§ **THE TASK**
Pictures do not belong in the output. Reproduce exactly the lines from the start of the records through the line with "2. pan [1079,474,1848,1267]".
++++ DATASET
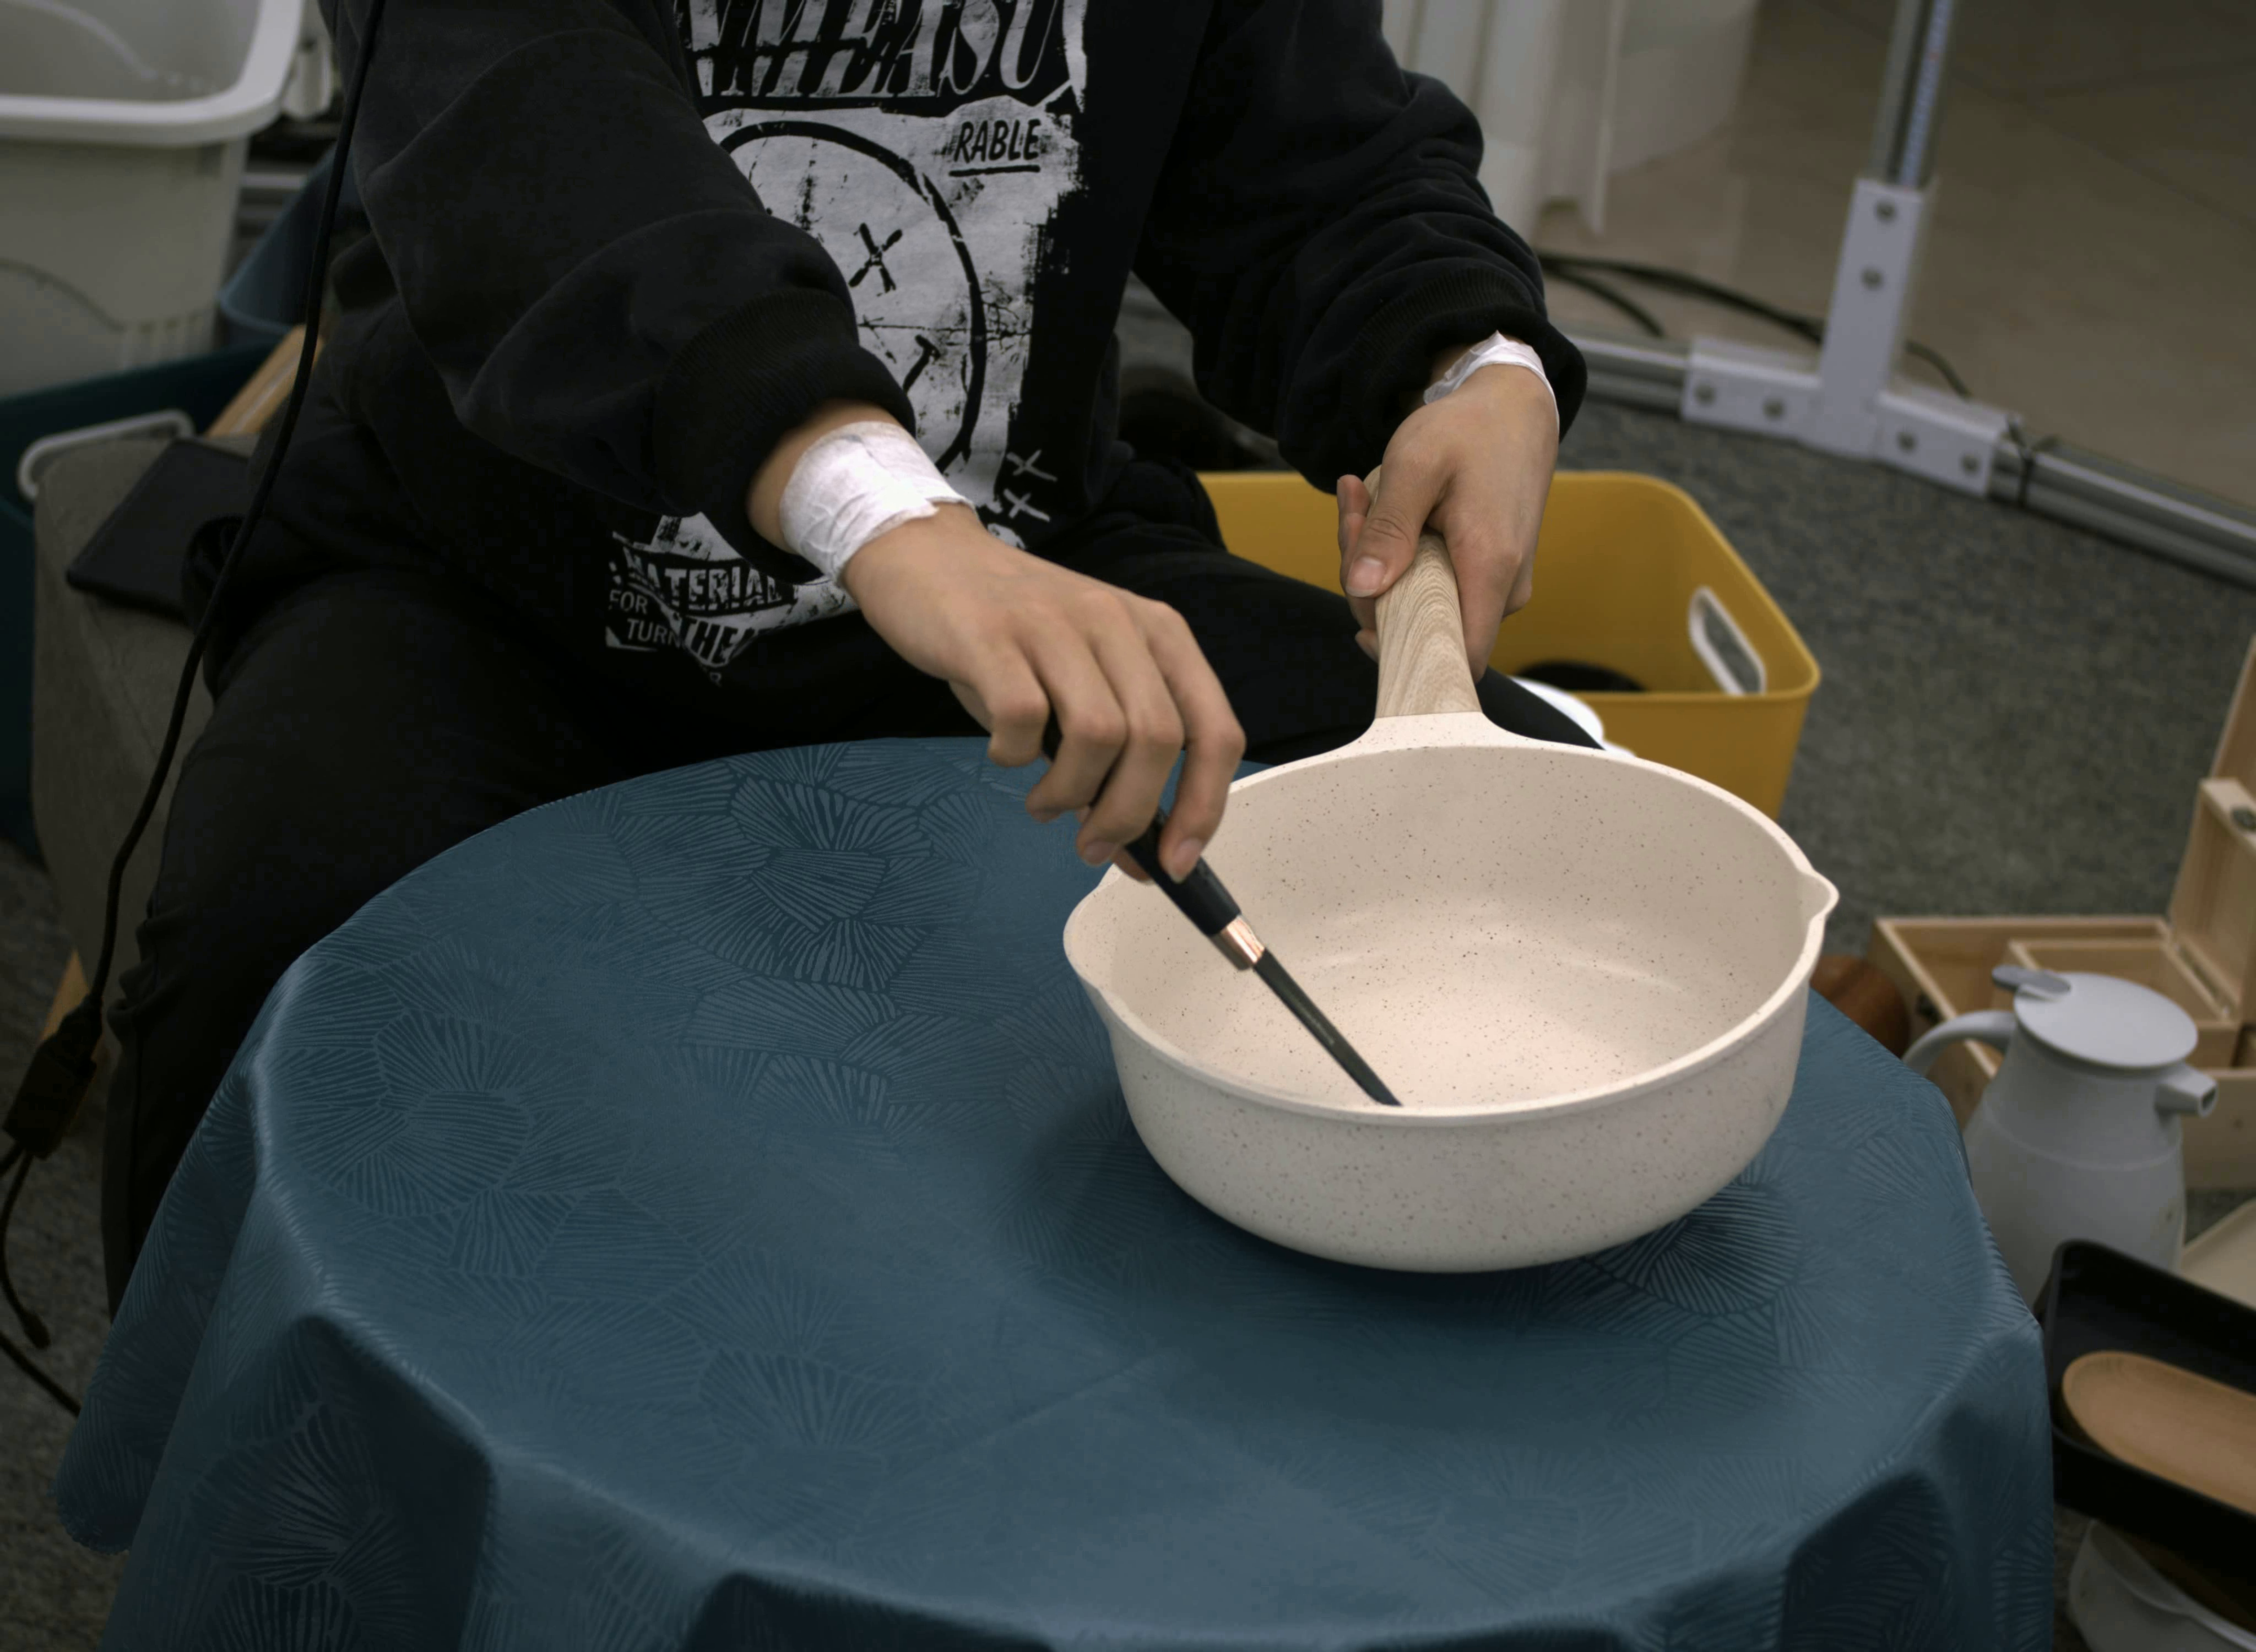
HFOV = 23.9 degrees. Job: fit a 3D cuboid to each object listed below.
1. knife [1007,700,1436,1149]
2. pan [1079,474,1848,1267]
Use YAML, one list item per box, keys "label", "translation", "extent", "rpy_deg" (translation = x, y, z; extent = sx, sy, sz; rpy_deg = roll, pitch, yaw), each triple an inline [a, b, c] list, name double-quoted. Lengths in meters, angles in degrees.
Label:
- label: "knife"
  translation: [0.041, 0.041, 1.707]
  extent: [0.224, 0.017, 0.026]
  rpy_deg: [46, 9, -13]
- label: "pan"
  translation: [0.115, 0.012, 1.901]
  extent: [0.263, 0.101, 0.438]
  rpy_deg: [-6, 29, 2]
++++++++
§ **TASK SOLUTION**
HFOV = 23.9 degrees. Job: fit a 3D cuboid to each object listed below.
1. knife [1007,700,1436,1149]
2. pan [1079,474,1848,1267]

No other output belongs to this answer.